Manually assigning GPU causes immediate job start even when GPU already in use by CryoSPARC

rbs_sci · March 14, 2024, 2:43am

Hi CryoSPARC team,

I wanted to run a local resolution estimation job on a specific GPU as it has more VRAM than others, but it was already busy with another job. The box size is quite large and I was worried Fourier padding might exceed the VRAM of the other GPUs. Instead of waiting for the running job to complete as I expected, the local resolution job immediately started running simultaneously!

Funnily, this hasn’t resulted in either job crashing (although they are both running more slowly than anticipated)… perhaps because it’s a 48GB GPU and neither job is using enough VRAM to cause the other to have insufficient?

Is this behaviour expected (immediate start on manual assignment)?

Thanks,
R

wtempel · March 14, 2024, 3:11pm

Yes, this is expected.

rbs_sci · March 15, 2024, 12:12am

I see, thanks.

This post must be at least 20 characters.

niklas · April 17, 2024, 10:08am

I just ran into the same thing on our instance. Unfortunately we had jobs crashing because they ran out of memory.

Is there a way to disable this behavior?

To me it seems counter intuitive to skip the queue when selecting a specific GPU.

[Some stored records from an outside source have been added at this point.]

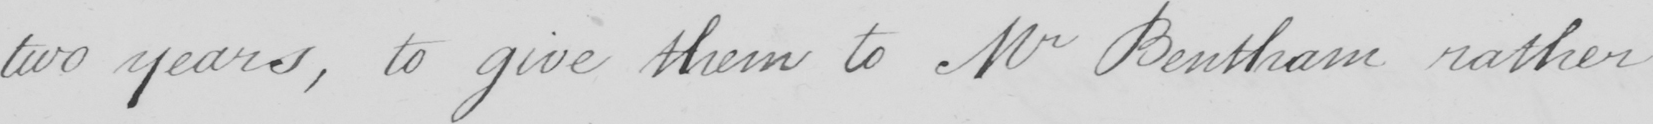What is written in this line of handwriting? two years , to give them to Mr Bentham rather 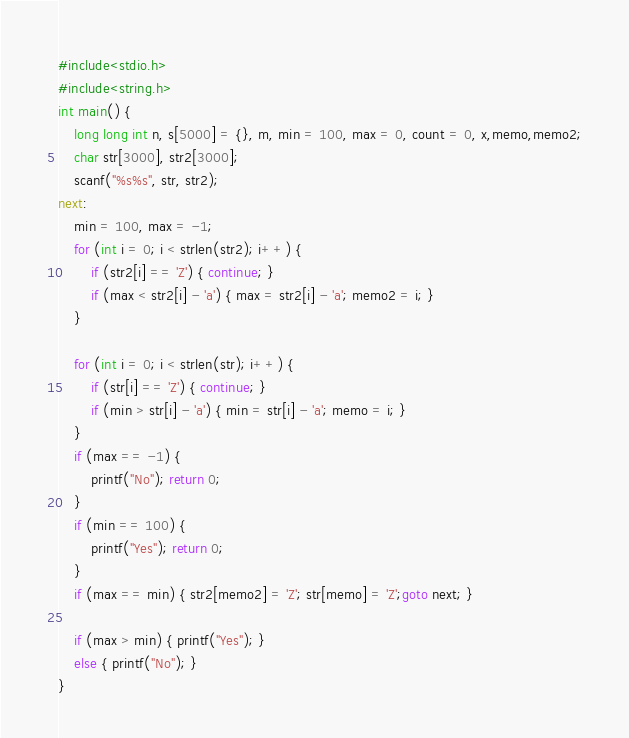<code> <loc_0><loc_0><loc_500><loc_500><_C_>#include<stdio.h>
#include<string.h>
int main() {
	long long int n, s[5000] = {}, m, min = 100, max = 0, count = 0, x,memo,memo2;
	char str[3000], str2[3000];
	scanf("%s%s", str, str2);
next:
	min = 100, max = -1;
	for (int i = 0; i < strlen(str2); i++) {
		if (str2[i] == 'Z') { continue; }
		if (max < str2[i] - 'a') { max = str2[i] - 'a'; memo2 = i; }
	}

	for (int i = 0; i < strlen(str); i++) {
		if (str[i] == 'Z') { continue; }
		if (min > str[i] - 'a') { min = str[i] - 'a'; memo = i; }
	}
	if (max == -1) {
		printf("No"); return 0;
	}
	if (min == 100) {
		printf("Yes"); return 0;
	}
	if (max == min) { str2[memo2] = 'Z'; str[memo] = 'Z';goto next; }
	
	if (max > min) { printf("Yes"); }
	else { printf("No"); }
}</code> 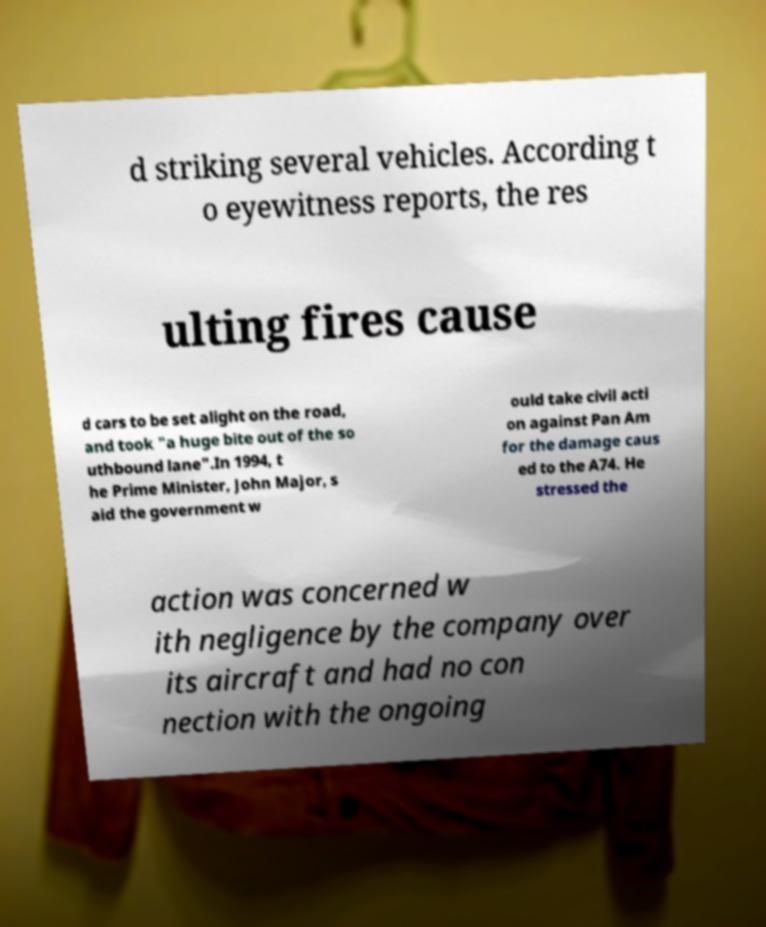Can you accurately transcribe the text from the provided image for me? d striking several vehicles. According t o eyewitness reports, the res ulting fires cause d cars to be set alight on the road, and took "a huge bite out of the so uthbound lane".In 1994, t he Prime Minister, John Major, s aid the government w ould take civil acti on against Pan Am for the damage caus ed to the A74. He stressed the action was concerned w ith negligence by the company over its aircraft and had no con nection with the ongoing 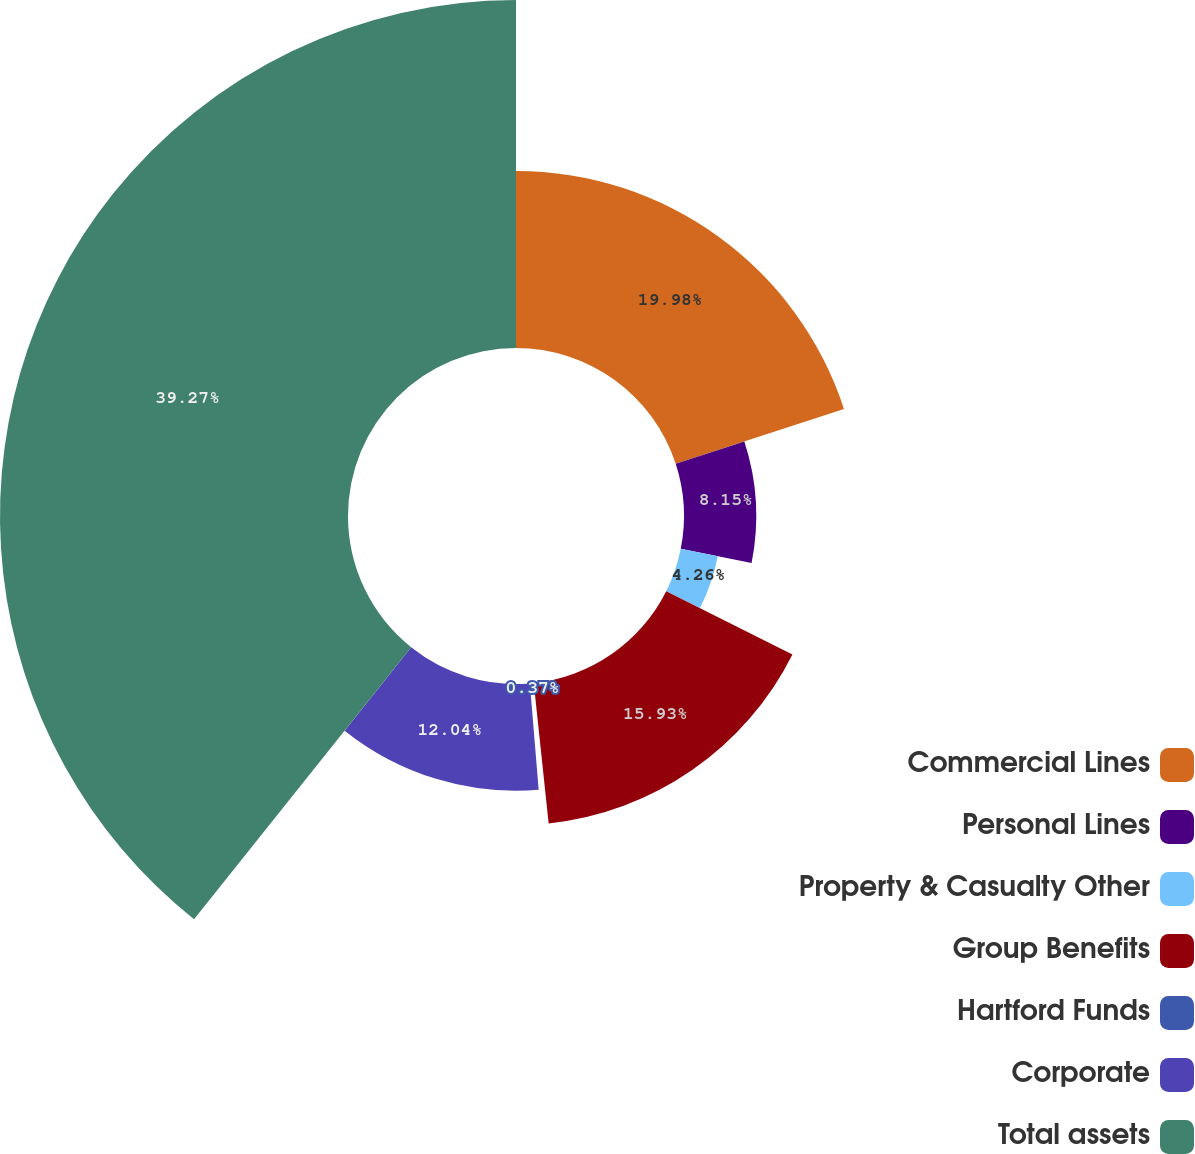Convert chart. <chart><loc_0><loc_0><loc_500><loc_500><pie_chart><fcel>Commercial Lines<fcel>Personal Lines<fcel>Property & Casualty Other<fcel>Group Benefits<fcel>Hartford Funds<fcel>Corporate<fcel>Total assets<nl><fcel>19.98%<fcel>8.15%<fcel>4.26%<fcel>15.93%<fcel>0.37%<fcel>12.04%<fcel>39.28%<nl></chart>

wtempel · April 17, 2024, 8:18pm

We took note of your concern. Unfortunately, it is not currently possible to block Run on Specific GPU on instances that have node-type, in contrast to cluster-type, scheduler lanes with GPUs. You may want to ask users of your CryoSPARC instance to not Run on Specific GPU unless overriding the scheduler is desired and appropriate.

niklas · April 18, 2024, 1:20pm

Thanks, I guess I have to change the queues then to offer an alternative way of selecting a specific computing node.

Out of curiosity, why was the GPU selection implemented to skip the resource availability check? I can see a use for both features, but I wouldn’t expect them to be in the same option.

wtempel · April 19, 2024, 10:06pm

… can be implemented by creating scheduler lanes that each have a single, specific target node. Selection of a specific node is not the intended use case of the Run on Specific GPU option.

niklas · April 22, 2024, 9:33am

Yes, I know. That is how I configured it now.

Still, I think an option to skip the queue should be reserved for Admin users or users that are also allowed to set job priorities. Also since it is not really intuitive that selecting a specific GPU skips the resource checks, it is easy to abuse this unintentionally.
That’s why I am asking for the reason behind this implementation.

olibclarke · April 22, 2024, 2:01pm

Agreed with this. At least a “warning, are you sure you know what you are doing” type dialog might be useful here.